▸ Your assignment: From the line containing "Meters and whole degrees." to the end of the records, print every line exactly, both ends included, and leave out the pictures.
[Start of section]
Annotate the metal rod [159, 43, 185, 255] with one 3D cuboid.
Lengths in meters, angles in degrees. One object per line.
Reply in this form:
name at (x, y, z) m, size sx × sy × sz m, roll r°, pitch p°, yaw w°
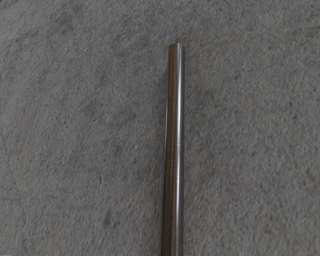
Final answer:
metal rod at (0.018, 0.011, 0.386) m, size 0.025 × 0.025 × 0.299 m, roll -11°, pitch 57°, yaw 22°
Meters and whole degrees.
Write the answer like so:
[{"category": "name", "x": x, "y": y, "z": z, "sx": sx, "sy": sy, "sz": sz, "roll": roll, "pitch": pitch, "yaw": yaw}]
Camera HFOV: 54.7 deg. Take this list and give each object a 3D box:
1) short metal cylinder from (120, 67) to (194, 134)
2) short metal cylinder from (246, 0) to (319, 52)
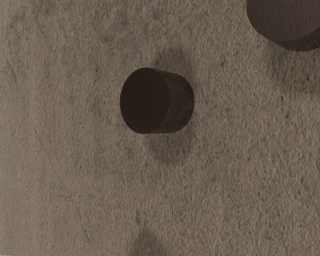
[{"category": "short metal cylinder", "x": -0.004, "y": -0.033, "z": 0.390, "sx": 0.080, "sy": 0.050, "sz": 0.079, "roll": 0, "pitch": 90, "yaw": 39}, {"category": "short metal cylinder", "x": 0.128, "y": -0.115, "z": 0.283, "sx": 0.080, "sy": 0.050, "sz": 0.079, "roll": 0, "pitch": 90, "yaw": 39}]
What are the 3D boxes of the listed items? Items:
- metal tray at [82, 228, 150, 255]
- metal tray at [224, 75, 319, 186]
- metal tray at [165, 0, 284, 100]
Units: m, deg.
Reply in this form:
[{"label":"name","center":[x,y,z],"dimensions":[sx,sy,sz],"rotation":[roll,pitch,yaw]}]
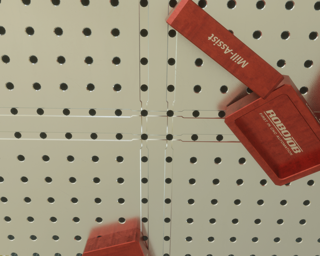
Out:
[{"label":"metal tray","center":[-0.057,0.229,0.495],"dimensions":[0.090,0.030,0.129],"rotation":[-15,110,5]},{"label":"metal tray","center":[0.157,0.008,0.400],"dimensions":[0.090,0.030,0.130],"rotation":[-32,108,30]},{"label":"metal tray","center":[0.067,-0.091,0.345],"dimensions":[0.130,0.090,0.030],"rotation":[35,107,-12]}]
[End of section]
▸ Written response:
Meters and whole degrees.
Write the answer like so:
[{"category": "name", "x": x, "y": y, "z": z, "sx": sx, "sy": sy, "sz": sz, "roll": roll, "pitch": pitch, "yaw": yaw}]
Camera HFOV: 54.7 deg. Take this list and give each object a 3D box:
1) short metal cylinder from (120, 67) to (194, 134)
2) short metal cylinder from (246, 0) to (319, 52)
[{"category": "short metal cylinder", "x": -0.004, "y": -0.033, "z": 0.390, "sx": 0.080, "sy": 0.050, "sz": 0.079, "roll": 0, "pitch": 90, "yaw": 39}, {"category": "short metal cylinder", "x": 0.128, "y": -0.115, "z": 0.283, "sx": 0.080, "sy": 0.050, "sz": 0.079, "roll": 0, "pitch": 90, "yaw": 39}]
What are the 3D boxes of the listed items? Items:
- metal tray at [82, 228, 150, 255]
- metal tray at [224, 75, 319, 186]
- metal tray at [165, 0, 284, 100]
Units: m, deg.
Reply in this form:
[{"label":"name","center":[x,y,z],"dimensions":[sx,sy,sz],"rotation":[roll,pitch,yaw]}]
Out:
[{"label":"metal tray","center":[-0.057,0.229,0.495],"dimensions":[0.090,0.030,0.129],"rotation":[-15,110,5]},{"label":"metal tray","center":[0.157,0.008,0.400],"dimensions":[0.090,0.030,0.130],"rotation":[-32,108,30]},{"label":"metal tray","center":[0.067,-0.091,0.345],"dimensions":[0.130,0.090,0.030],"rotation":[35,107,-12]}]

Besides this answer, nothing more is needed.